李妙珠哭泣的聲音還沒有停止,不知為何,淚水無論如何都止不住,她的聲音哭的都有些嘶啞了,看到她這個樣子,肖奕隻能緊了緊抱著李妙珠的動作,放在她身後的手輕輕的拍打著她的後背,像是在安慰一個傷心落淚的稚兒,動作十分的輕柔,眼裏也湧動著柔情。

嚴司武回來的時候,看到的便是這副場景,見狀,他臉上的血色驟然盡數褪去,仿若遭受雷擊一般,腦海中一片空白,刹那失去了所有的意識,嘴唇微微闔動,卻一句話都說不出來。

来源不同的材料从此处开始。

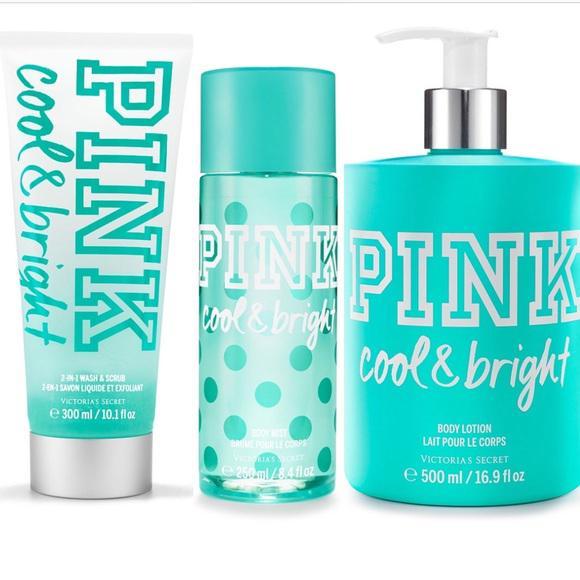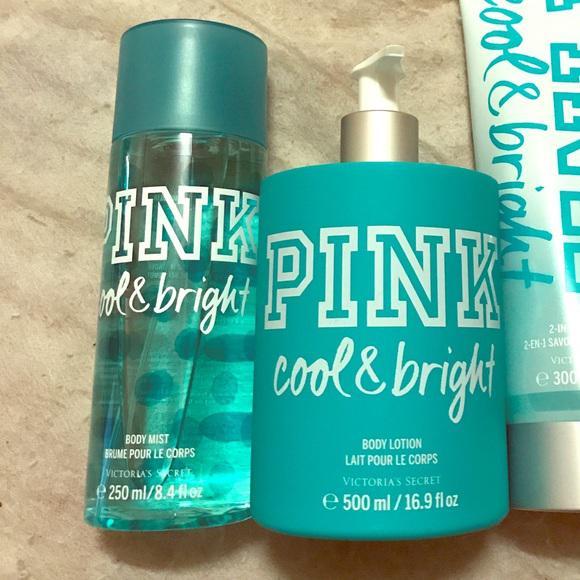The first image is the image on the left, the second image is the image on the right. For the images shown, is this caption "A short wide pump bottle of lotion is shown with one other product in one image and with two other products in the other image." true? Answer yes or no. Yes. The first image is the image on the left, the second image is the image on the right. Given the left and right images, does the statement "The left image shows exactly three products, each in a different packaging format." hold true? Answer yes or no. Yes. 
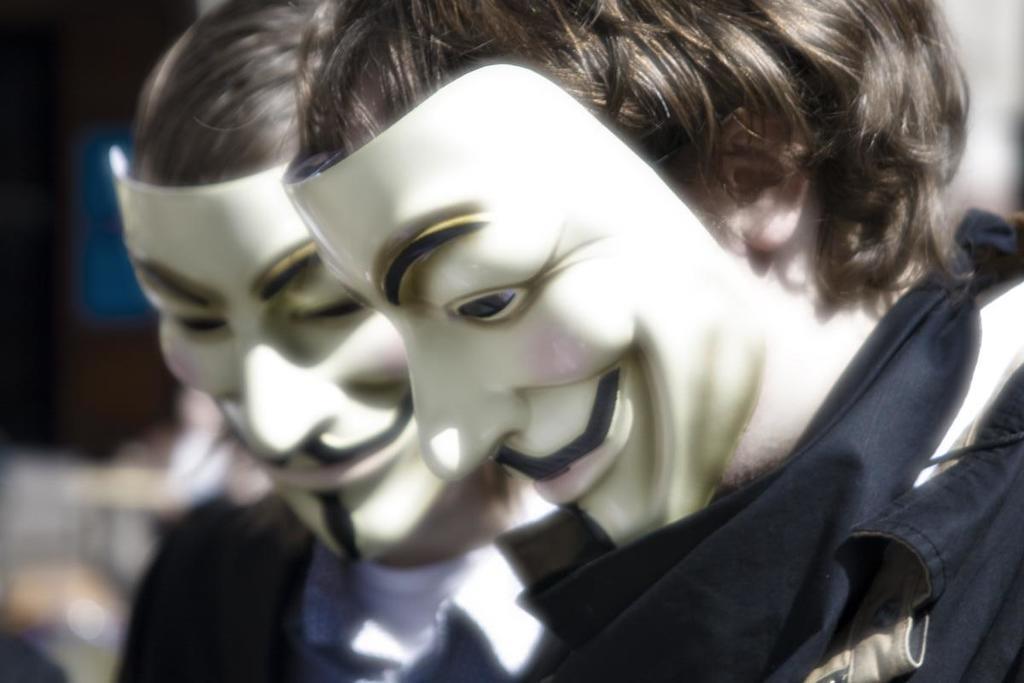Please provide a concise description of this image. In this image I can see two persons. These two persons are wearing masks. The background of the image is blurred.

他本想上前,可是卻無論如何都邁不動步子,仿佛被盯在原地一般,無法動彈,臉色已經變得青白,心如刀割一般。

李妙珠和肖奕完全沉浸在他們兩人自己的思緒中,竟然沒有一個人注意到他,從嚴司武這個角度,隻能夠看到李妙珠把頭埋在肖奕的肩頭,痛哭出聲。

嚴司武嘴唇顫動了兩下,而後迅速的放下了帳子,快步跑開了,他拔腿一路狂奔,一直跑出了很遠,但方才的場景卻仍然不斷的在腦海中浮現,李妙珠的慟哭聲也一直回**在耳邊。

“啊!”嚴司武心中已經是肝腸寸斷,他痛苦的尖叫一聲,捂住了腦袋,而後忽然一拳擊打在眼前的一棵樹上,霎時落葉紛飛,有幾片落在嚴司武的頭上。

嚴司武的力氣非常大,他的手都已經紅腫了,他卻仿若絲毫感受不到疼痛似的,目光呆滯,不知道在看向什麽地方。

不遠處的守衛聽到聲音,頓時十分擔心,連忙快步走到嚴司武身旁,瞥了一眼他陰沉的臉色,小心翼翼的開口問道:“嚴將軍,可是出了什麽事情嗎?”

嚴司武聞言,回頭看了守衛一眼,他的臉上什麽表情都沒有,卻仿佛瞬間染上刻骨的悲涼,他的眼睛十分通紅。

守衛見狀,不由心中一驚,他從來沒有看過嚴司武這副模樣,嚇得渾身顫抖了一下,頓時有些後悔,方才不該衝動的上前,此刻走也不是,留下來也不是,守衛不由覺得有些尷尬。

嚴司武淡淡的瞥了守衛一眼,搖了搖頭:“我沒事,你下去吧。”

嚴司武的聲音十分的嘶啞,還隱約帶著幾分顫抖,他臉上的神色也是分外的疲憊,深邃的眼裏神色莫測。

守衛微微一驚,點了點頭,便快速退下了。